[Listed records]:

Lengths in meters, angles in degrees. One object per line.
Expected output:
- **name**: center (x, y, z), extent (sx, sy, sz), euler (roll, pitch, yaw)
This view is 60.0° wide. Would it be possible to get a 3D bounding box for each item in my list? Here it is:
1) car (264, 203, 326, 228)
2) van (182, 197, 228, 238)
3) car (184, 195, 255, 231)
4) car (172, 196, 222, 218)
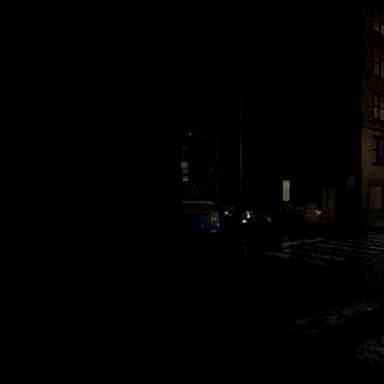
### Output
- **car**: center (6.769, 1.425, 22.388), extent (1.967, 1.590, 4.097), euler (0, 0, -35)
- **van**: center (-0.201, 1.341, 17.478), extent (1.690, 1.788, 3.998), euler (0, 0, -35)
- **car**: center (1.308, 1.216, 20.166), extent (2.150, 2.045, 5.566), euler (0, 0, -33)
- **car**: center (0.354, 1.293, 31.533), extent (2.192, 1.841, 5.009), euler (0, 0, -35)

[Exercise prompt]:
Within the data above, the span starting at the line containing "- **name**: center" and ending at the line containing "4) car (172, 196, 222, 218)" is to be retyped exactly, with no other lines.

[Your response]:
- **name**: center (x, y, z), extent (sx, sy, sz), euler (roll, pitch, yaw)
This view is 60.0° wide. Would it be possible to get a 3D bounding box for each item in my list? Here it is:
1) car (264, 203, 326, 228)
2) van (182, 197, 228, 238)
3) car (184, 195, 255, 231)
4) car (172, 196, 222, 218)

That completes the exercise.